Yağmurun sesi usul usul giriyordu kulaklarıma. Pasını söküp atar gibi adeta. Ne çok şey anlatır bize şu yağan yağmur ama duymak istemeyiz. Ne olacağını düşünmeden sadece yağmurun bana ne anlattığını dinlemek istiyordum. Gözlerimi kapatıp burnuma gelen toprak kokusunu içime çeke çeke bir gün her şeyin son bulacağı anı beklercesine dinliyordum yağmuru.Bitecekti her şey. Bir gün son bulacaktı. O gün ne kadar yakın bilmiyorum. Fakat bekliyordum.
İçimde çalan şarkıda bana eşlik ediyordu.
Eğer bir masal perisi
Girerse rüyalarına
Öldü dersin gül güzeli
Tılsımını kaybettiHayat işte anı yaşamak istediğin an seni koparıp gerçeği ile yüzleştirir. Yine koptuğum en güzel bir anda yaklaşan otobüse binmek için ayağa kalktım.
Kulağıma kulaklığı takıp düşüncelere daldım yine. Bırakamıyorum hastalık gibi peşimden geliyo her an. Düşünmek benim hastalığım.
Düşününce hiç bir şey değişmiyor. Kafamda her an her dakika bir film şeridi gibi geçip gidiyor. Kısır döngü gibi tekrarlıyor kendini.
Bu gün ne mi düşünüyorum? Küçük bir kızı. Hayalleri dünyadaki renklerden bile daha renkli olan küçük bir kızı. Sahi ne çok hayal kurardı. Toz pembe bakmak kavramı bu kızın takendisiydi. Her şeyi herkezi kendisi gibi bilirdi. Dünyayı cennet sanırdı. Fakat büyüdükçe insanları tanıdıkça anladı ki o küçük kız bir masal perisiydi ve artık biliyorduki ancak masallarda hayaller renkliydi.

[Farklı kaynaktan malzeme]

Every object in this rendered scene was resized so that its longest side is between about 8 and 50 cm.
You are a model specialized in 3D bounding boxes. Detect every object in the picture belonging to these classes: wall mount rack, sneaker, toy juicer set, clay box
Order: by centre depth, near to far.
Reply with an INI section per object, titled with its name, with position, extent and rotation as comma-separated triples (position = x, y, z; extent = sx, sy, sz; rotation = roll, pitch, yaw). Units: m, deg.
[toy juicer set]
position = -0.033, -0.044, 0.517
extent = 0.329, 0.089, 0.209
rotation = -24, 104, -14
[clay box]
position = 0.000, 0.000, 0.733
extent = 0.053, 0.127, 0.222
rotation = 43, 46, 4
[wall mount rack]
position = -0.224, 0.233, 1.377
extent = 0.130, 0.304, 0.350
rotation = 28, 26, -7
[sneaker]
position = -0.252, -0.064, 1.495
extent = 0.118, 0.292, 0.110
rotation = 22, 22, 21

Okula gelmiştim. Dolmuştan inip bahçeye doğru yürümeye başladım. Kalabalık insanlara hoş gelir ama bana boğucu geliyor. Anlamsız kalabalık çünkü. Eğer uzun bir ömür yaşayacaksam kendime verdiğim bir söz var. Anlamsız olan her kalabalıktan uzak duracaktım. Sadece sıcak bir çayım sigaram ve kitabım olacaktı. En anlamlı kalabalık işte buydu bende.
"Evrem!"
"Efendim hocam."
"Günaydın tatlı kızım."
"Günaydın hocam."
İşte beni matematiğe aşık eden kadın. Enerjisi içimi ısıtmıştı.
"Hazır mısın sınava?"
"Her zamana hazırım hocam."
Bana tebessüm etti. İşte benim kızım der gibi.
Kalabalıkta Cereni gördüm. Sınıf sırasında oflayarak etrafa bakıyordu yine. Bıkmış bi hal vardı üzerinde. Bu onun her zaman ki haliydi. Sabahın köründe neden geldiğini sorguluyordu kesin. Ona doğru ilerledim.
"Oflama!"
"Nasıl oflayamayayım baksana yine geldik sabahın köründe şu okula."

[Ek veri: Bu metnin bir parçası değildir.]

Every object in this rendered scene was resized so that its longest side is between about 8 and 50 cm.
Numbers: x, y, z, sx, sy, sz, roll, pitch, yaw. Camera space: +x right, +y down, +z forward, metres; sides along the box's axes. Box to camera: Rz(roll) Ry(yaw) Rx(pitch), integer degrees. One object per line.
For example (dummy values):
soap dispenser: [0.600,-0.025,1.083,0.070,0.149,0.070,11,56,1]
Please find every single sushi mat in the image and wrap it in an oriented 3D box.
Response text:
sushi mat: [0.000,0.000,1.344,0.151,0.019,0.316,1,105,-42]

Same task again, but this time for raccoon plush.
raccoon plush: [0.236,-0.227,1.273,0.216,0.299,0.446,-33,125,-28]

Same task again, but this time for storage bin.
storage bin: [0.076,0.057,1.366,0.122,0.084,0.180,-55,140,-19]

Güldüm. Hayatını anlamsız buluyordu çünkü. Her şey ona boş geliyordu. Boşluklarını doldurmak için hayatına her aldığı insan daha derin yaralar açmıştı onda. Bu da ona yaşamak için sebepsizlikler doğurmuştu.
"Hazırlandın mı sınava?"
"Bilmem. Kitaba baktın diyorsan baktım ama ne anladın dersen kocaman bir hiç."

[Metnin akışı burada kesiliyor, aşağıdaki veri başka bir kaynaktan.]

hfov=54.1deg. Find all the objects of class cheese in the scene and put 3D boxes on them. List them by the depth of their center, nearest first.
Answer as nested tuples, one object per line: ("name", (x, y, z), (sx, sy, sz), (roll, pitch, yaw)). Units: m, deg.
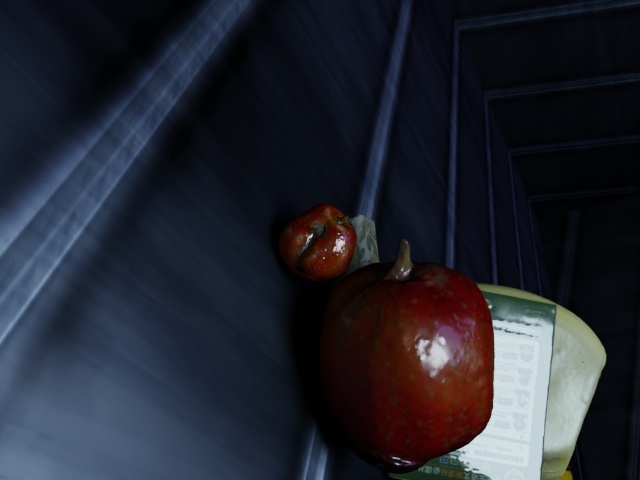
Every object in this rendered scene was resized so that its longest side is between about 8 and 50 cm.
("cheese", (0.251, 0.183, 0.925), (0.260, 0.315, 0.128), (-62, 178, -19))

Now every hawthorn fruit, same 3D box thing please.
("hawthorn fruit", (0.089, 0.113, 0.689), (0.215, 0.215, 0.250), (-54, 137, -60))
("hawthorn fruit", (0.000, 0.000, 0.702), (0.093, 0.093, 0.093), (43, 39, -49))

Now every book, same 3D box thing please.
("book", (0.206, 0.197, 0.843), (0.027, 0.201, 0.264), (113, -13, -76))

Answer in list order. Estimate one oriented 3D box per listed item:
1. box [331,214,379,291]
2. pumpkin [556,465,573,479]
("box", (0.043, 0.020, 0.817), (0.045, 0.062, 0.098), (25, 56, -54))
("pumpkin", (0.326, 0.401, 1.072), (0.190, 0.139, 0.281), (-32, 108, -44))

"Neden bu kadar önyargılısın bu derse."
"Tabi senin için konuşmak kolay. Benimde iyi olduğum bi ders olsa bende mutlu olurdum."
"Ne alakası var. Her şey senin kafanda. Şu insanlara karşı olan azmini birazda derslere versen başaramayacağın ders yok biliyorsun dimi?"
"Her şeyin doğrusunu sen biliyorsun zaten. Olmuyo denedim. Biz küstük birbirimize bir kere daha barışmayız."
"Ben sana gösteririm bir kaç soru sınavdan önce."
Yüzünü bana dönüp güldü. Ben anlatınca kafasına birşeyler giriyordu. Matematikten benim anlatmam sayesinde geçtiğini düşünüyordu. Halbuki kendinin farkında değildi.
"Ya sen cansın Evrem. Nasılda okudun içimi."
"Aklından geçeni bilirim. O kadar da olsun değil mi?"
"Olsun olsun sen bana soruları göster tam olsun."
Dersler bir bir geçmişti. Öğlen ne kadar çabuk geldi farkına bile varmadım. Eve gitmek istemiyordum ya zaman su gibi akıp geçiyordu işte. Yemeğimizi yedikten sonrs kütüphaneye geçip Ceren'e sorulardan bir kaç tanesini gösterdim. Peki aldığım cevap neydi?
"Ya bu muydu!"
"Kafanda büyütüyosun işte."
"Şu kitaba bakar mısın ben mi büyütüyorum gözümde?"
"Öyle malesef."
"Tamam anlattın anladım gerisini boşverelim. Evdeki durumlardan ne haber?"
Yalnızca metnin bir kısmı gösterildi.